**What you need to do:** Search the entries for the word "middle" and pull out each line that has it.

*** Provided data ***

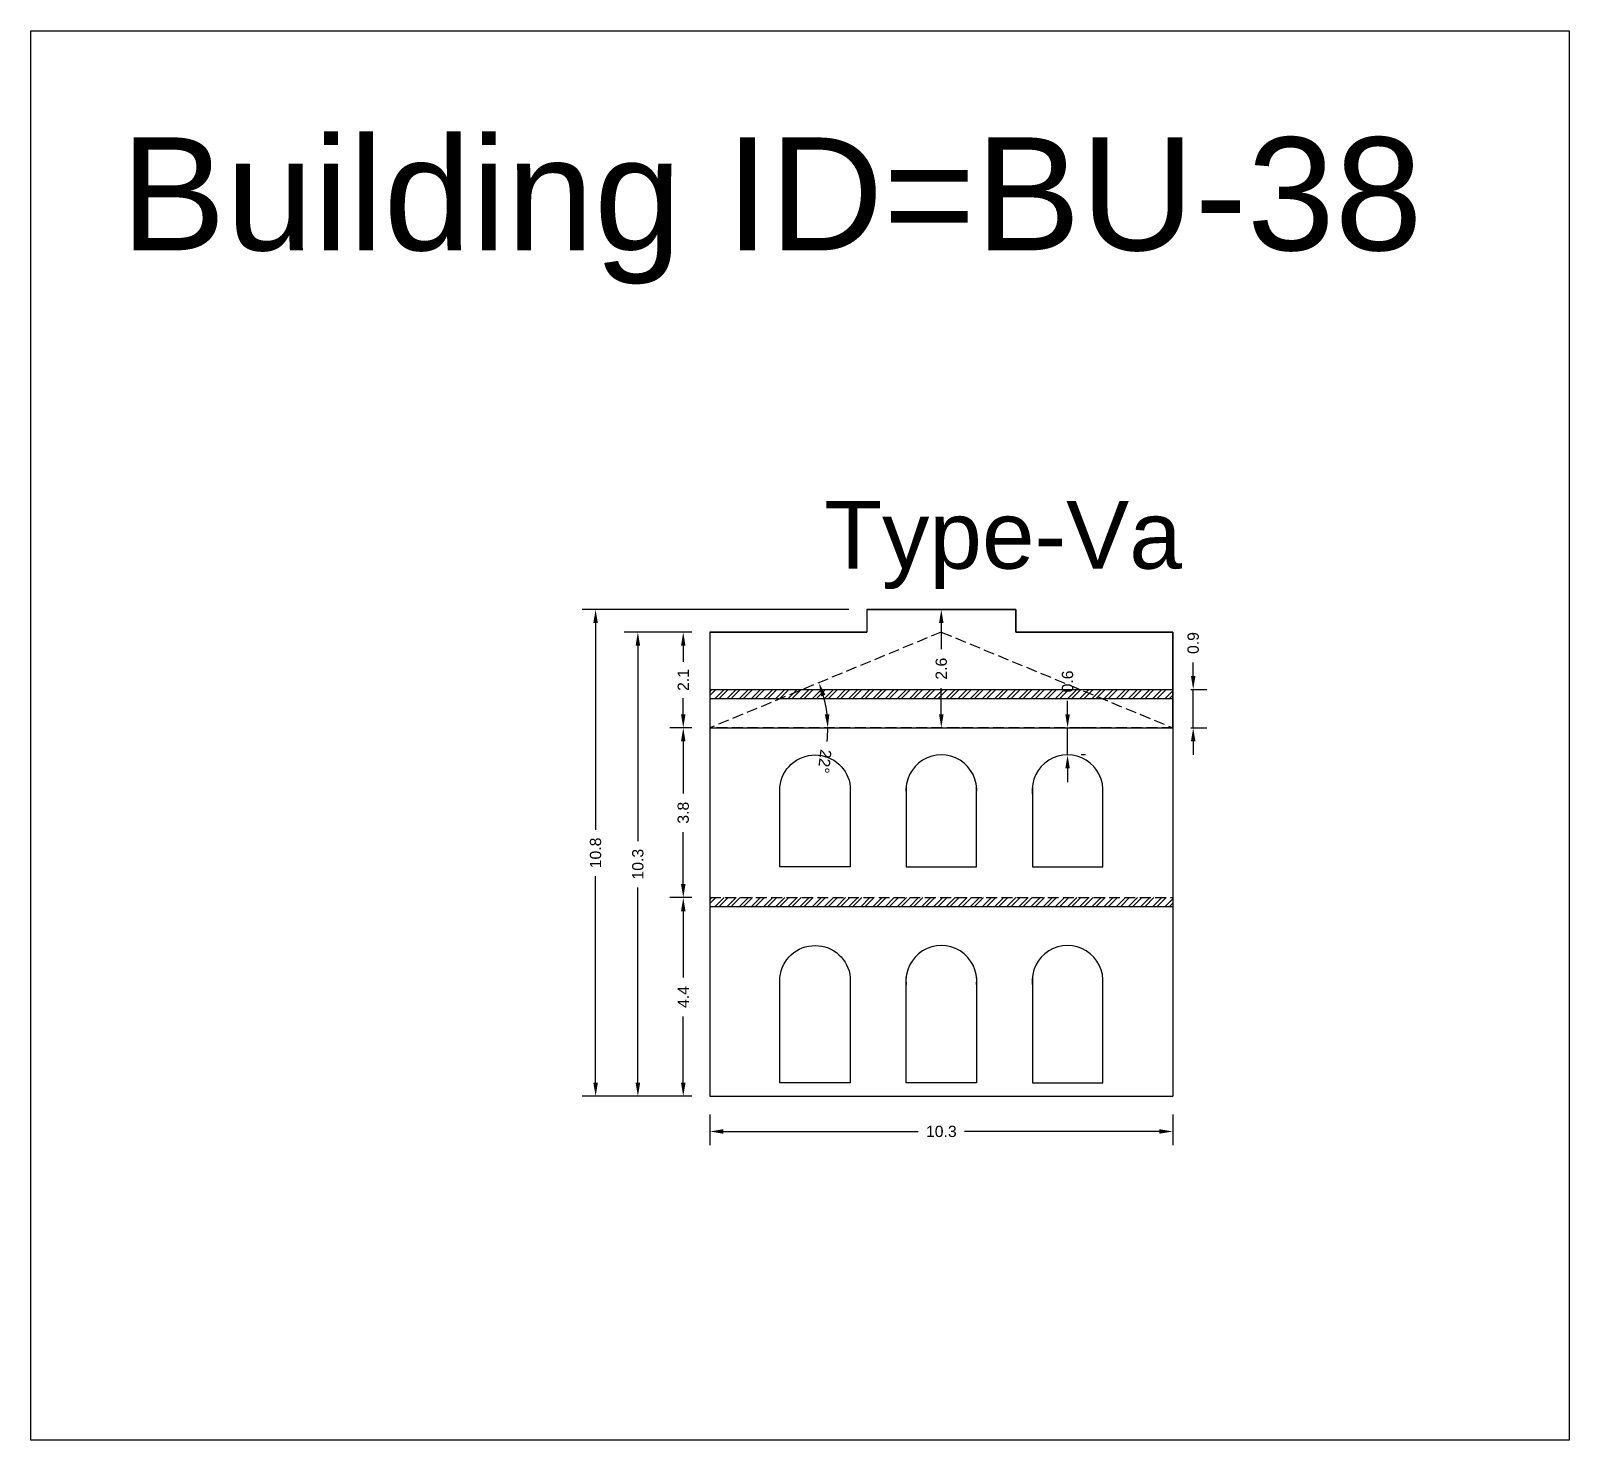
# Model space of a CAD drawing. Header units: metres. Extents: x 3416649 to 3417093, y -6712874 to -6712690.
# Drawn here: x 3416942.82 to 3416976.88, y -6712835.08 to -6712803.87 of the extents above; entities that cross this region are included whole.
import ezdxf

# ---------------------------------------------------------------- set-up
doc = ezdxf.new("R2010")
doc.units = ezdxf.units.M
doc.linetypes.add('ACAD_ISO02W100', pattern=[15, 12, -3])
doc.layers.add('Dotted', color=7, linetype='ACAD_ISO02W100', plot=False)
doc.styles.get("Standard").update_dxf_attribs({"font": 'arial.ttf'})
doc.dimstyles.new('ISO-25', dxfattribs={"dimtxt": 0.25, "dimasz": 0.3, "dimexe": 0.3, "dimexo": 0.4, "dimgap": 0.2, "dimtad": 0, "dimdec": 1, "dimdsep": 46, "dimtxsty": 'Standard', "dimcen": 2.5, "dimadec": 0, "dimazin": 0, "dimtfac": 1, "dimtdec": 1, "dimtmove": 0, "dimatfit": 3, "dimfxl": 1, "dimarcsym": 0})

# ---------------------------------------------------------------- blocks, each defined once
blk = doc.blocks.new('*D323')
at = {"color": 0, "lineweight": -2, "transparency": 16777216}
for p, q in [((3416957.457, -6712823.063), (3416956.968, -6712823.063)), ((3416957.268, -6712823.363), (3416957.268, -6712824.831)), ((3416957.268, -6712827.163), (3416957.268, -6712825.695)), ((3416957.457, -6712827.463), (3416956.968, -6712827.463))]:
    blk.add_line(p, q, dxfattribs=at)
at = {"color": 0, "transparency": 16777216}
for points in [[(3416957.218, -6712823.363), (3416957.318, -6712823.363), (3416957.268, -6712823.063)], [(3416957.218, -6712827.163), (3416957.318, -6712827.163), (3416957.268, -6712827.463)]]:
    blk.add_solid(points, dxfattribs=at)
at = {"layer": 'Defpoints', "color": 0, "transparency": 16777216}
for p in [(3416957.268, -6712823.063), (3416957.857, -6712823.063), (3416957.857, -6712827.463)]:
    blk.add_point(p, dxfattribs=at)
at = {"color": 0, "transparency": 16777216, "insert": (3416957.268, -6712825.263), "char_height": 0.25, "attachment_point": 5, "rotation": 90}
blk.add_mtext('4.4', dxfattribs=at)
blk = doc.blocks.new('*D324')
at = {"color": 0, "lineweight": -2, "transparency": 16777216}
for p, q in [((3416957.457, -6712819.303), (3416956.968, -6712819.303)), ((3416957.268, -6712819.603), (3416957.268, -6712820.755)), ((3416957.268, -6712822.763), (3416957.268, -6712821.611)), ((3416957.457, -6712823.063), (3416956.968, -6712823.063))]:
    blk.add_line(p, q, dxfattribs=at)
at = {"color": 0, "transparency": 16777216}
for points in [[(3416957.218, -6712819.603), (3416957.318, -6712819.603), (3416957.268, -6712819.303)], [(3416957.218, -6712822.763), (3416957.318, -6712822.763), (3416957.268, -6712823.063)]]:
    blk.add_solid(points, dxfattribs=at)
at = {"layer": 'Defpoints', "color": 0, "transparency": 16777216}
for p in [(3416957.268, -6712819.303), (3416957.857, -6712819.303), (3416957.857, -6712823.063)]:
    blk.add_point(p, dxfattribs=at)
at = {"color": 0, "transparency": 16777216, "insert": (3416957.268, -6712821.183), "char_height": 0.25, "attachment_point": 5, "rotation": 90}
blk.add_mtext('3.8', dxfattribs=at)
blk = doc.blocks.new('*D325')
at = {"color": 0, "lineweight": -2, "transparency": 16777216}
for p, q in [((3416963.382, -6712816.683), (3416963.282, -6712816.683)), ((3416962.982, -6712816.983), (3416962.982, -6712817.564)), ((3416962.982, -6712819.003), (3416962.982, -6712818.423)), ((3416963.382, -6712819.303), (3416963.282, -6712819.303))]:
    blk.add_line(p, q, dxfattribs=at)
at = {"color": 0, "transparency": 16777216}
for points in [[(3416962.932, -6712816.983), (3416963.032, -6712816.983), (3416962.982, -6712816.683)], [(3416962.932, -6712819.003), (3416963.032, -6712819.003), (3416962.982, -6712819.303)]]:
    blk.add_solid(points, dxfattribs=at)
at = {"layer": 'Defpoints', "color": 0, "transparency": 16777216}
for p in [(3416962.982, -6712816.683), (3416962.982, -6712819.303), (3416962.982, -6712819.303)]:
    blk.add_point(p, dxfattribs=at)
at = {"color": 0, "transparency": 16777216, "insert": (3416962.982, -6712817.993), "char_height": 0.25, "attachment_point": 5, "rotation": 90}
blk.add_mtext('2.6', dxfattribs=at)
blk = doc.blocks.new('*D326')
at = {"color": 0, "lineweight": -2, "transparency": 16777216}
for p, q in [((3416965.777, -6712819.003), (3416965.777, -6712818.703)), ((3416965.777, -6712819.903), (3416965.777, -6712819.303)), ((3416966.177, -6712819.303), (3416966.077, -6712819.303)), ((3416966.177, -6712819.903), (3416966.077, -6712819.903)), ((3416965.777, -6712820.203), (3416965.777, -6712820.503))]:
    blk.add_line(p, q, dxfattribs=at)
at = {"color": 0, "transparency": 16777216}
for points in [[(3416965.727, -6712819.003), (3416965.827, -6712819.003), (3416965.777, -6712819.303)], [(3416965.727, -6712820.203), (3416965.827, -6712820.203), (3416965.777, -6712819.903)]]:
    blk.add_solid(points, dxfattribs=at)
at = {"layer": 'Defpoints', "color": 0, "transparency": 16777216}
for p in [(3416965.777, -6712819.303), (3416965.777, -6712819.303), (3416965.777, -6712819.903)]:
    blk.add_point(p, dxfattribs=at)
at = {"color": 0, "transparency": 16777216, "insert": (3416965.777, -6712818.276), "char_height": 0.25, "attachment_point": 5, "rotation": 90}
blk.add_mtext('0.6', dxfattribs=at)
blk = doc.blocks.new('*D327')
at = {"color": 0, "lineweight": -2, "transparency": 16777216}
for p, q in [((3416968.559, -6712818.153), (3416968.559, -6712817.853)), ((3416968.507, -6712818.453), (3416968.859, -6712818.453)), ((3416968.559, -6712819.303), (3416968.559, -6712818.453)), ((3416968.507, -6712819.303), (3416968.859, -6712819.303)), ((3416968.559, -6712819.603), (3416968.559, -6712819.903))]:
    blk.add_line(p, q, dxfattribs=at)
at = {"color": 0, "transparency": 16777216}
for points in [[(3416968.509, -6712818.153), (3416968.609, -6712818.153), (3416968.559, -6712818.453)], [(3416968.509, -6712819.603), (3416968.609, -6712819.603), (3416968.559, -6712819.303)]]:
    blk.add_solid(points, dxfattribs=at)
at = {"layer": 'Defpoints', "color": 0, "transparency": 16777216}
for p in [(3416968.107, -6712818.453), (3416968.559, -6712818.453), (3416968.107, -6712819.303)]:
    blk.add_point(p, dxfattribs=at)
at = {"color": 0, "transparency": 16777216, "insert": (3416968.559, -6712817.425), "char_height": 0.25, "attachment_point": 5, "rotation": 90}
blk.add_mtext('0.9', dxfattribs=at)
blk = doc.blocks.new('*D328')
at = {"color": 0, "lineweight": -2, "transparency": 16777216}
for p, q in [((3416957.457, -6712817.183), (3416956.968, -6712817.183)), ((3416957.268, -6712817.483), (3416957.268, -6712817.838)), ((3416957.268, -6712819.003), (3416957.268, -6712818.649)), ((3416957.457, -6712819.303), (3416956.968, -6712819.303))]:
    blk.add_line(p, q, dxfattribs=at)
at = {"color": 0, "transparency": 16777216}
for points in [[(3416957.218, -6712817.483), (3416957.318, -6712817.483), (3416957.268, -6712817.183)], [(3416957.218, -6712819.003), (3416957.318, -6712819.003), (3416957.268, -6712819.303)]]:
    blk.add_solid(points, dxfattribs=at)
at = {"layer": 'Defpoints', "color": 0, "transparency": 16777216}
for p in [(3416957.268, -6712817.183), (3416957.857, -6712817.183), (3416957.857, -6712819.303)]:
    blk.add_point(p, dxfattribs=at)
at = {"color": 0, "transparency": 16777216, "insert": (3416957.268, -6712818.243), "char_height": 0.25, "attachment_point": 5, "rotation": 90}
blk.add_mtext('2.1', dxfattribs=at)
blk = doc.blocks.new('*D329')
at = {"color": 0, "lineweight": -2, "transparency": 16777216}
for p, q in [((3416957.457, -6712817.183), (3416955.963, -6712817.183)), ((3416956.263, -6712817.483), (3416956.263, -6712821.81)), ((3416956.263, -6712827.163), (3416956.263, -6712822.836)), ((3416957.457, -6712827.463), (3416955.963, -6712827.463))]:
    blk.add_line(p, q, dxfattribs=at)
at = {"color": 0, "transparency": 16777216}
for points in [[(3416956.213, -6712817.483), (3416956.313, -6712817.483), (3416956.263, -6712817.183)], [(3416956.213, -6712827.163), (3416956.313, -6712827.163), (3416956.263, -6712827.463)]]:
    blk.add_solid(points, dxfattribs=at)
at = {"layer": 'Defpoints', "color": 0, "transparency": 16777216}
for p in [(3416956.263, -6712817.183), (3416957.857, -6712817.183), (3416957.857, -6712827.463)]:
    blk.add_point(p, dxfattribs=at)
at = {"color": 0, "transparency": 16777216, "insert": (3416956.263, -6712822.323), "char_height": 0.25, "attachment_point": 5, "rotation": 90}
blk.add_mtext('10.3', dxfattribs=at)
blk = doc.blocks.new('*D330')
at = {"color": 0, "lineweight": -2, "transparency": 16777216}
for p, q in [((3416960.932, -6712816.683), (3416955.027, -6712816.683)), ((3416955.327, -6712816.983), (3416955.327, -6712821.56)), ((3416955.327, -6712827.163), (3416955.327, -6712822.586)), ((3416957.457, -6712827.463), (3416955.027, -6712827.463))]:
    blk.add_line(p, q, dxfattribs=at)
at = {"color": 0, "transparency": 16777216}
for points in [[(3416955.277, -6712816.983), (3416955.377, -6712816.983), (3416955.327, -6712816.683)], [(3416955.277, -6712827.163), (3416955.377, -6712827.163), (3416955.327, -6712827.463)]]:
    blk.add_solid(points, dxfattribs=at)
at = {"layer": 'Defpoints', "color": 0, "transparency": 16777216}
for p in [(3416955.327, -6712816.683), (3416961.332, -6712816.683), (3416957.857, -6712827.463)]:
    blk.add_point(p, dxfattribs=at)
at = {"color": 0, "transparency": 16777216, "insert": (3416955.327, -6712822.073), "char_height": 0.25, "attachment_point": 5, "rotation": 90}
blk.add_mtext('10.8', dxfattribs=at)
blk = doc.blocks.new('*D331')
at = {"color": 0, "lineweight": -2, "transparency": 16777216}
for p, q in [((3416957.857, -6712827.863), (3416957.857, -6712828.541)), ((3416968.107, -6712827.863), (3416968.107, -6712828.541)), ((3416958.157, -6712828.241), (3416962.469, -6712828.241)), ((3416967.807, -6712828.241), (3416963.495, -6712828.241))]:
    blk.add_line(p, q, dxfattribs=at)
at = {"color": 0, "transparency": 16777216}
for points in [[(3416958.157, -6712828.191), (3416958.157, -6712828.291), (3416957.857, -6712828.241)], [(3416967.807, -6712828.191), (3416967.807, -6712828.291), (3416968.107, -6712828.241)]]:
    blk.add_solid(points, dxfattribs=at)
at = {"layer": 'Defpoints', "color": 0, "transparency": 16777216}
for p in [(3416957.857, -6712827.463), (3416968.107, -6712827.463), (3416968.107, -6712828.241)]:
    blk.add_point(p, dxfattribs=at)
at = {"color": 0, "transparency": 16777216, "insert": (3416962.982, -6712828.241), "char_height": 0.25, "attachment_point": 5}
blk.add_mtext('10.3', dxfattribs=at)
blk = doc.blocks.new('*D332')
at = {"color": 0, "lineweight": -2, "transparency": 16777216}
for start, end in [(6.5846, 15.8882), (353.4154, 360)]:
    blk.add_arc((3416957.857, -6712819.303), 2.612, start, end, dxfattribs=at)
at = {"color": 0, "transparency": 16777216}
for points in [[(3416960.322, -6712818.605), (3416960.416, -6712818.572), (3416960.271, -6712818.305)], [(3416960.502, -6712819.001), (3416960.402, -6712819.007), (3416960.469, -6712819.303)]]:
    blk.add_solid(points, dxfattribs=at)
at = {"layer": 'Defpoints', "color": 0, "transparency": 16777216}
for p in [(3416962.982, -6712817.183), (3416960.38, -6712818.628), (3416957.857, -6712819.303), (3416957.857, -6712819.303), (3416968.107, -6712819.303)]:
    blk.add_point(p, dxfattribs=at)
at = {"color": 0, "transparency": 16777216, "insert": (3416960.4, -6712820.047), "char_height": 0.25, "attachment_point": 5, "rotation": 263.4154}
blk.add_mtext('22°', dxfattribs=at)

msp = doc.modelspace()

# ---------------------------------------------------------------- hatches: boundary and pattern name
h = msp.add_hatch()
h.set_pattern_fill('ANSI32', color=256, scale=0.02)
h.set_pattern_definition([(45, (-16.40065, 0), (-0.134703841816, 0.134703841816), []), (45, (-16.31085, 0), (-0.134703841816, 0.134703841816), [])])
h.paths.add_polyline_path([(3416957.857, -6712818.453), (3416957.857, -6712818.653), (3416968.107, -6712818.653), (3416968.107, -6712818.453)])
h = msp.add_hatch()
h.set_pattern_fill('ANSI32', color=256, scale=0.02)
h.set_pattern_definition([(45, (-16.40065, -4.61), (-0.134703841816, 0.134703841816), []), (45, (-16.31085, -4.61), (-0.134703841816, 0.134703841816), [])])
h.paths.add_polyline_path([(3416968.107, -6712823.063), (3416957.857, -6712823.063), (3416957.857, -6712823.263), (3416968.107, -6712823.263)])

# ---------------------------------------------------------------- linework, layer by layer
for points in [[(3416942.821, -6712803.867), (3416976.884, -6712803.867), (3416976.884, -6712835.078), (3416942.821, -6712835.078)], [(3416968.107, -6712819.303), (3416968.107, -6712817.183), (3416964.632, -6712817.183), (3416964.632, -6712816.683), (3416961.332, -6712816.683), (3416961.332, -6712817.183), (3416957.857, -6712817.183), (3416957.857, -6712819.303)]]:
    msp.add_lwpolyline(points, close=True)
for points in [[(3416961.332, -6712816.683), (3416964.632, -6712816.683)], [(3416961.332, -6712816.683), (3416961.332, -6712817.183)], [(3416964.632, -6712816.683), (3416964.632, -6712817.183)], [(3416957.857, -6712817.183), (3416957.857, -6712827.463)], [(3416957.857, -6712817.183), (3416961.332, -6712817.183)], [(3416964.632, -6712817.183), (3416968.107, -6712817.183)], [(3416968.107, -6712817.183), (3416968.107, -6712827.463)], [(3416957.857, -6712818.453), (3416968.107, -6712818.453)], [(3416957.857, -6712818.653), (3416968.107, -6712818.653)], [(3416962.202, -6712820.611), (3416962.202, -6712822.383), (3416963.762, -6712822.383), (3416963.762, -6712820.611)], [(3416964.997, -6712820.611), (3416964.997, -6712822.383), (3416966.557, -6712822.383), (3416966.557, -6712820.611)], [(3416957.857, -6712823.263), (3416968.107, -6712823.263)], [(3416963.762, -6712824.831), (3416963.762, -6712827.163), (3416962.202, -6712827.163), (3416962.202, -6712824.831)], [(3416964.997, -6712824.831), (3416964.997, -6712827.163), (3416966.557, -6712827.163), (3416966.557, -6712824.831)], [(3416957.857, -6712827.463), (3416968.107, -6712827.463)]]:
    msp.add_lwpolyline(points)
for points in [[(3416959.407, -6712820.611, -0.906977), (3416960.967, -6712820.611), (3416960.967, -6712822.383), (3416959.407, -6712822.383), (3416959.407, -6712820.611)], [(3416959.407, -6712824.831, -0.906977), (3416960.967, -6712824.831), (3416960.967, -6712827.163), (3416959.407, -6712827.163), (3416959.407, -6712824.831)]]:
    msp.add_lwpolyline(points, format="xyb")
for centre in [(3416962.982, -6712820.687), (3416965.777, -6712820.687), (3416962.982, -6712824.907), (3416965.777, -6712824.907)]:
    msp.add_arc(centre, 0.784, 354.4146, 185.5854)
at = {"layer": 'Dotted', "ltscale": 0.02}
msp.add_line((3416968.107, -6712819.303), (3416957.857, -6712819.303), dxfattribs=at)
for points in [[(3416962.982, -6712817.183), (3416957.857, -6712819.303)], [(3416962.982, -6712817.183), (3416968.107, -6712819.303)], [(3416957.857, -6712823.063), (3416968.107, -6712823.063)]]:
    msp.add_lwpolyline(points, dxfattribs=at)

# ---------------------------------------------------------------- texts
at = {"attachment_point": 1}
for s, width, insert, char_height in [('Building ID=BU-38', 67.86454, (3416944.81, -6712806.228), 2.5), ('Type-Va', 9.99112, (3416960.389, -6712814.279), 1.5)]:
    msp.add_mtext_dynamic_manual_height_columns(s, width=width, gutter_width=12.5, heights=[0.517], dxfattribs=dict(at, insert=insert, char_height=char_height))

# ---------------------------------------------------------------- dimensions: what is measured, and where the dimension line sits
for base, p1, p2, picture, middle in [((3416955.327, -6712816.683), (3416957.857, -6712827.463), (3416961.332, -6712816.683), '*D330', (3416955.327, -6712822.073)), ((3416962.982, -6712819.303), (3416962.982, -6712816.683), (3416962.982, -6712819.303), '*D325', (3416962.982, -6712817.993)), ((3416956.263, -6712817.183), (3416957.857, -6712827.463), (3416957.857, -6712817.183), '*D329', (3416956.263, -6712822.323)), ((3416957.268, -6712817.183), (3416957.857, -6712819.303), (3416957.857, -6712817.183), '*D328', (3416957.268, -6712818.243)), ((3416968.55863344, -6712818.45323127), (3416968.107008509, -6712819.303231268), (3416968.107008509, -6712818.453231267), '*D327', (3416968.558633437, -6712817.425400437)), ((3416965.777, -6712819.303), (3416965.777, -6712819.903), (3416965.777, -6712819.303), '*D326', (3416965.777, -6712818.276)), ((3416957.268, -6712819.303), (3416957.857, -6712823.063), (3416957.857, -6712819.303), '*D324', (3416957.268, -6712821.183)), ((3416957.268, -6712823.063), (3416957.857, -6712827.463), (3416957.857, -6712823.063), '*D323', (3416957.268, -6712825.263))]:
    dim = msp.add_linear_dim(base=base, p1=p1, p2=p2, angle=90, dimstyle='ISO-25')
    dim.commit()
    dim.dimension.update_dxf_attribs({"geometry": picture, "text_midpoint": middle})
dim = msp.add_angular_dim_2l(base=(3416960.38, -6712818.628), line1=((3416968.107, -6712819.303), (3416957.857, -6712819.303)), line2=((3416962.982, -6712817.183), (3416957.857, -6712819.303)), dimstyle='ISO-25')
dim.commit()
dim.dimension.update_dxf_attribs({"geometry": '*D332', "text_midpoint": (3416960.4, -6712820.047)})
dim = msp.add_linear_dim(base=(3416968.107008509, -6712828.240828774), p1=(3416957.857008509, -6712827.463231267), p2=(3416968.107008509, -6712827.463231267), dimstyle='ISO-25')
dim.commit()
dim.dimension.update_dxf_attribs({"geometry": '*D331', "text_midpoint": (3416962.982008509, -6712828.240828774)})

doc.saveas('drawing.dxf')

*** End of Provided data ***

**Task answer:**
for base, p1, p2, picture, middle in [((3416955.327, -6712816.683), (3416957.857, -6712827.463), (3416961.332, -6712816.683), '*D330', (3416955.327, -6712822.073)), ((3416962.982, -6712819.303), (3416962.982, -6712816.683), (3416962.982, -6712819.303), '*D325', (3416962.982, -6712817.993)), ((3416956.263, -6712817.183), (3416957.857, -6712827.463), (3416957.857, -6712817.183), '*D329', (3416956.263, -6712822.323)), ((3416957.268, -6712817.183), (3416957.857, -6712819.303), (3416957.857, -6712817.183), '*D328', (3416957.268, -6712818.243)), ((3416968.55863344, -6712818.45323127), (3416968.107008509, -6712819.303231268), (3416968.107008509, -6712818.453231267), '*D327', (3416968.558633437, -6712817.425400437)), ((3416965.777, -6712819.303), (3416965.777, -6712819.903), (3416965.777, -6712819.303), '*D326', (3416965.777, -6712818.276)), ((3416957.268, -6712819.303), (3416957.857, -6712823.063), (3416957.857, -6712819.303), '*D324', (3416957.268, -6712821.183)), ((3416957.268, -6712823.063), (3416957.857, -6712827.463), (3416957.857, -6712823.063), '*D323', (3416957.268, -6712825.263))]:
    dim.dimension.update_dxf_attribs({"geometry": picture, "text_midpoint": middle})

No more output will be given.